14 directories, 52 files

so it seems that the skipreports option is not working, and because it cant put together the reports it leaves all the plots behind. im going to manually install flexdashboard and rerun. I dont think it has run fully, weirdly seems to have started in chromosome 20 (this might just be chance due to snakemake) and in the second model i specified in the stitch.params table :

(harpydev) [mgm49@login-n-1 harpy-dev]$ less stitch.params 
model   usebx   bxlimit k       s       ngen
diploid TRUE    50000   30      1       500
diploid FALSE   50000   30      1       500
diploid TRUE    50000   40      1       500
diploid FALSE   50000   40      1       500
diploid FALSE   50000   30      2       500

at least it seems to have produced an imputed vcf for contig 20 :)

pdimens commented 4 months ago

@gmkov before I post anything on the STITCH GH, does this help at all? https://github.com/rwdavies/STITCH/issues/56#issuecomment-949375537

pdimens commented 4 months ago

Snakemake, as you've said, will randomly choose things to run. So, there won't ever be a sensible run order.

Interesting about collate_reports not working. That rule doesn't so much create reports by analyzing data, more just stitching the graphics STITCH produces into a single document to make life easier. and deleting all the other stuff to remove clutter. That's why I didn't configure it to be disabled for --skipreports. I can configure the workflow to skip that with --skipreports too.

pdimens commented 4 months ago

@gmkov the dev branch now skips collating STITCH metrics into a report with --skipreports

gmkov commented 4 months ago

Good morning from Cambridge.

harpydev impute --skipreports works!

Ok so I pulled the harpydev git last night, reinstalled, and first run impute without skipping reports after having manually installed flexdashboard (just in case) and a new error came up:

Quitting from lines at lines 80-98 [setup environment] (tmpsegmxwof.StitchCollate.Rmd)
Error in `contrib.url()`:
! trying to use CRAN without setting a mirror
Backtrace:
 1. global using(...)
 2. utils::install.packages(need)
 4. utils::contrib.url(repos, type)
Execution halted

But then I ran impute with 4 threads only, k=3 or 4 in the stitch parameters, --skipreports and voila!!! it's running! It's nearly done (ran in most contigs with all four models i set in stitch parameters). This is wonderful

Next steps

1) Reports: I would love to be able to assemble the reports, as it is one really useful feature for parameter tuning. I have all the plots, but of course one plot per chromosome x 4 models is quite hard for the eye. Do you have any ideas on how to fix the above?

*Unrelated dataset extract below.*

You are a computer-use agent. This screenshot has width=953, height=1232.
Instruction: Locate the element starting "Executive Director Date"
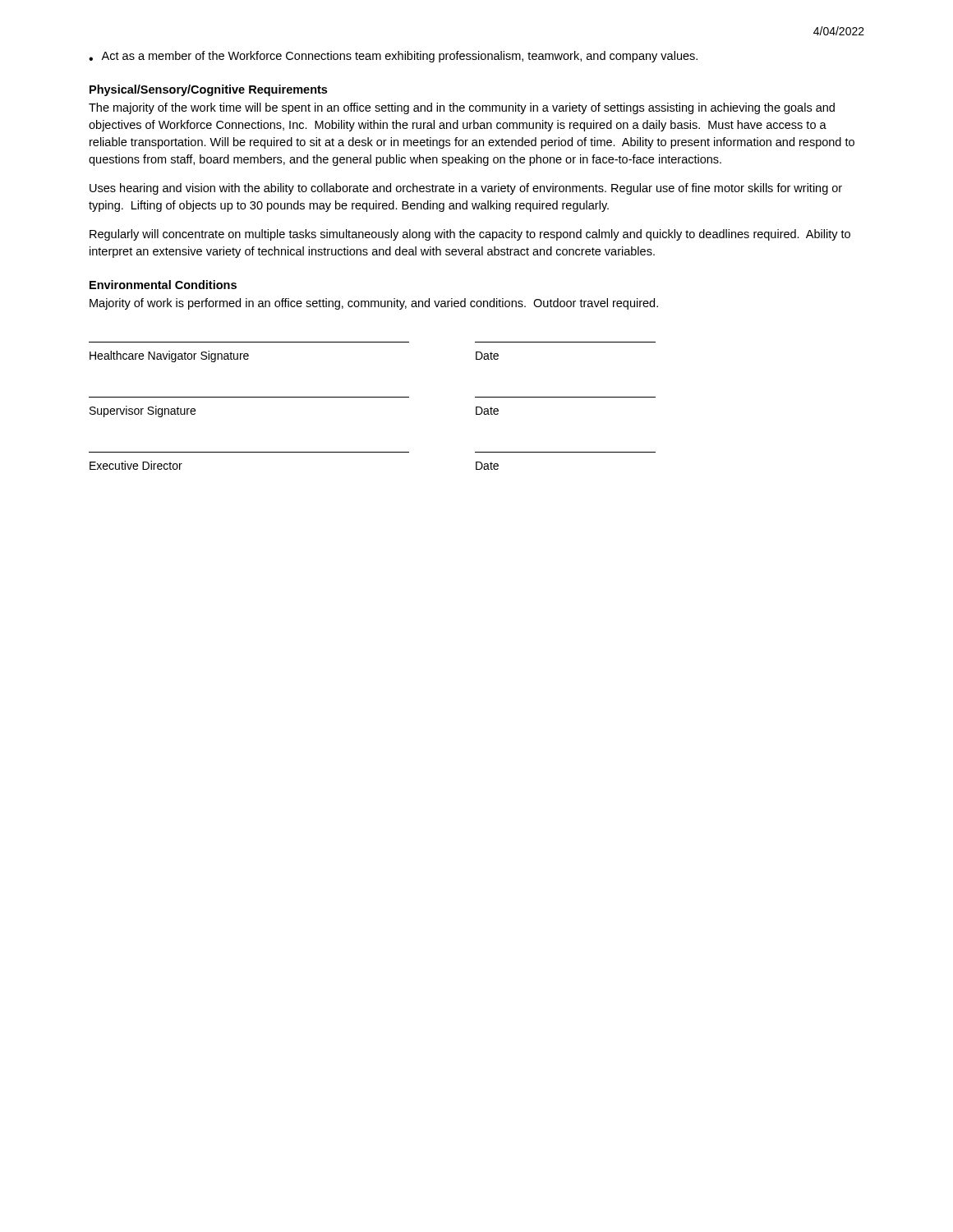click(476, 462)

2) Memory. 4 models with low k=3/4, 4 threads and 6 samples (x31 chromosomes) has taken about 12h. It could be because the program 'is struggling' to do its job, as with 6 individuals it must be hard to impute! I have 60 individuals, so will test if increasing the number from 6 to the whole dataset actually makes it faster. I'd also like to increase K, because this is a wild population with huge effective population sizes. I'll test and let you know :D

pdimens commented 4 months ago

This is big, we've made progress! I know how to fix the R issue and will let you know when it's ready. That'll be in a few hours because it's only 5a here and I happened to check my phone when I woke up to get some water. I think you can bump up the thread count, though.

pdimens commented 4 months ago

It's so strange that the other R packages are installed (clearly STITCH works), but flexdashboard won't

pdimens commented 4 months ago

@gmkov you can try the dev branch now, I hardcoded a repository for the package installs

gmkov commented 4 months ago

testing with preflight bams. silly question: can i run harpydev simultaneously on the same conda env for different jobs? in different directories. or will snakemake get confused... thanks!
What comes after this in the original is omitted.